We can make the equation look friendlier by letting x^2=y.

Then the equation becomes:

y^2 - 13y + 36 = 0

Keeping in mind to obtain the number 13 from addition of factors of 36, and knowing that 36 can be obtained by multiplying 9 and 4, the factorization becomes:

(y-9)(y-4) = 0

Hence y=9 or 4.

That translate to x^2=9 => x=+3 or -3

or x^2=4 => x=+2 or -2

Therefore, the roots of the equation are:

**x1 = -3**

**x2 = -2**

**x3 = 2**

**x4 = 3**

To appreciate the solution graphically, click on the link at the bottom of this answer

x^4-13x^2+36=0

Using a chain of equivalent auxiliary problems and transforming the original condition into another condition:

(2x^2)^2 -2(2x^2)13+144=0

Working in the same direction and transforming yet again into another condition:

(2x^2)-2(2x^2)13+169=25

Proceeding in the same way, we obtain

(2x^2-13)^2=25

2x^2-13=+-5

x^2=13+-5/2

x=+-sqrt 13+-5/2

x=3, or -3, or 2, or -2

:Courtest of "How to Solve It" - George Polya.

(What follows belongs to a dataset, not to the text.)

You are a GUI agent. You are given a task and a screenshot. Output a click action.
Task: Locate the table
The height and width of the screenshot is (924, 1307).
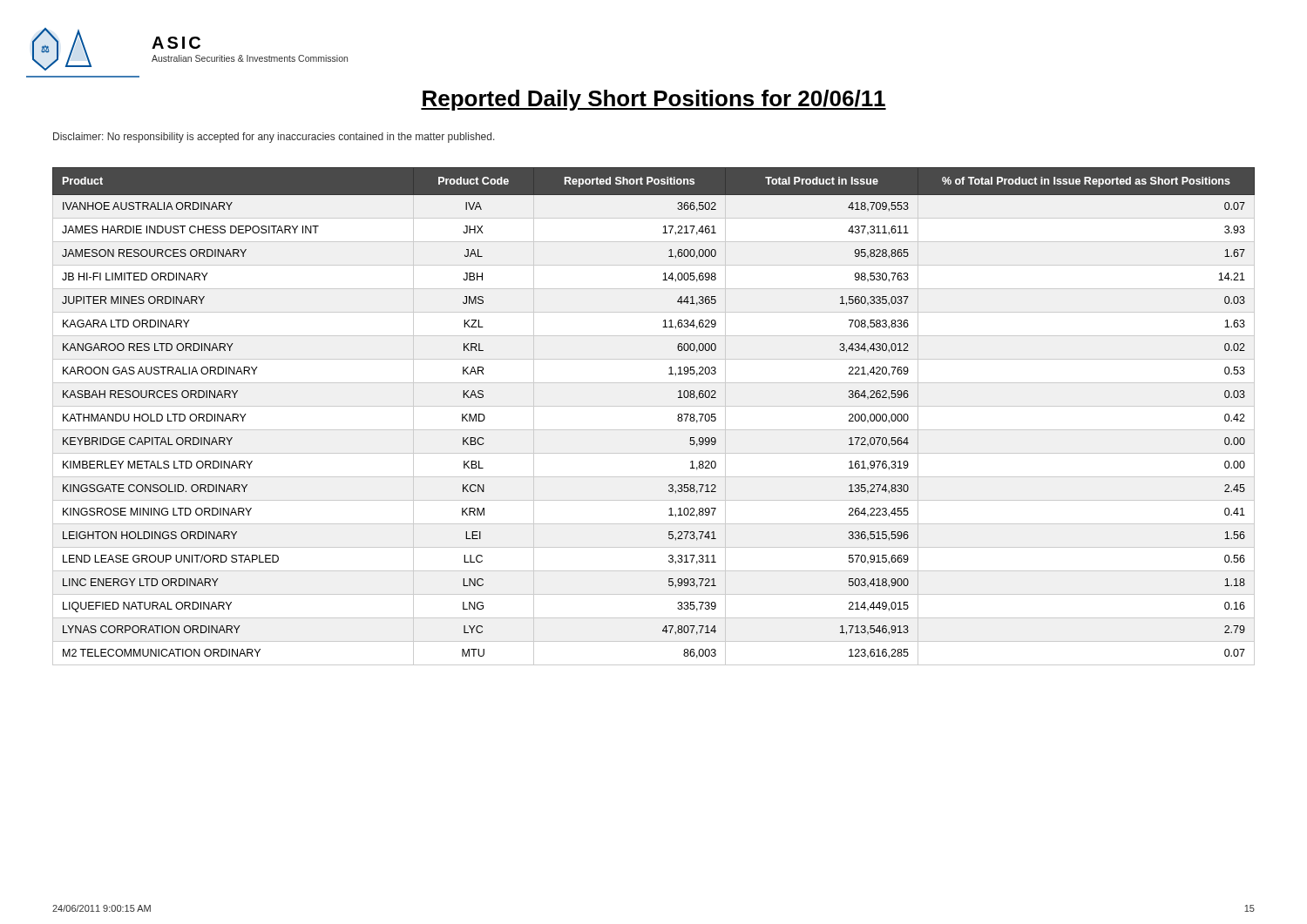pyautogui.click(x=654, y=416)

To find the roots x^4-13x^2+36 = 0.

We put x^2= t. Then x^4 = t^2. With this transformation, the given expression x^4-13x^2+26 becomes t^2-13t+36 , a quadratic polynomial in t.

The middle term -13t = -9t - 4t and (-9t)(-4t) = product of first and 3rd terms = x^2*36 = 3x^2. Therefore we write

t^2 -13t +36 = 0.

t^2-9t -4t +36 0.

t^2 -13t +36 = 0.

t(t-9) -4(t-9) = 0.

t^2 -13t +36 = 0.

(t-9)(t-4) = 0

Nowe we replace t by x^2 and get:

t^2 -13t +36 = x^4 – 13x^2 + 36 = (x^2-9)(x^2-4).

x^4 – 13x^2 + 36 = (x^2-9)(x^2-4) = 0.

x^2 -9 = 0 gives x^2 = 9, x = 3 or x = -3.

x^2-4 = 0 gives x^2 = 4,. So x= 2 or x = -2.

Therefore solution for x are : - 3 , -2 , 2, 3.